So went the routine at the market which aims to promote small businesses to local residents.

Close to 40 small shop owners hawked their products to more than 500 residents passing through the market. Some shoppers stopped to buy everything from gourmet soups and sauces to homemade jewelry and pet products, while others strolled the grounds chatting with neighbors and sipping coffee on a breezy, picture-perfect morning.

“Our market is here to create community involvement,” said Colleen Sullivan, the market manager. “We have a lot of entrepreneurs that come from a tri-county area that have artisanal products that they want to bring to market but it’s too tough to get into grocery stores and stores in general. So they come here to this market to promote themselves and their products. It’s really important.”

Pitts has come to the market since it opened in 2015.

A retired firefighter from New York City, he sells 18 varieties of pickles to businesses across the region and relies on the market to build a grassroots fan base for his products. He learned to make pickles by experimenting with flavors during his days at firehouses when he cooked and put pickles in eggs, chips and other foods. After the Sept. 11 terrorist attacks, he started a charity to raise money for children suffering from PTSD and uses some proceeds from his pickle business to fund it.

“The pickle industry has been good to me, but you’re only as good as your last pickle,” he said.

Just a few feet away, Eldridge Rolle was selling produce. He drove in with his son, Jamel, from Naples hours earlier with enough strawberries, tomatoes, cucumbers and dozens of other produce to fill nine tables stretched across the center of the market.

“Get your fresh produce. We have six for $20,” he shouted, touting dozens of buckets of produce which he purchased a day earlier in Immokalee directly from farmers.  

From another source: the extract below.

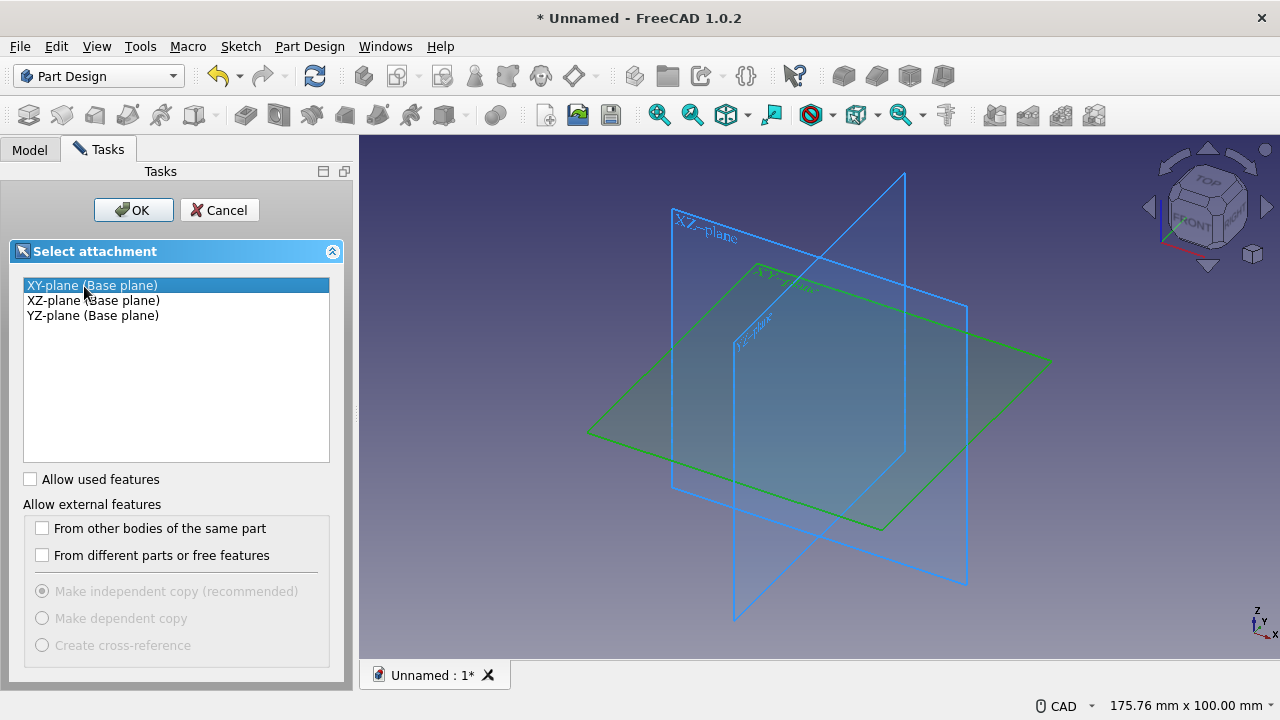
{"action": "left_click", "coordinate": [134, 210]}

This is Rolle’s second year at the market, and he’s the only produce seller. He wants to be known for good prices and freshness.

“See this dirt?” he said, showing a cucumber with a dusting of brown across the middle. “That’s freshness.”

Rolle then turned his attention to a couple ready to surrender a few dollars for strawberries, which are usually the big sellers.

“I’m happy to be here. Produce is a good market,” he said.

Now in its fourth year, the Coral Springs Farmers’ Market runs Sundays from 9:30 am – 2 p.m. January 12 to March 29 across from City Hall at 9551 West Sample Road.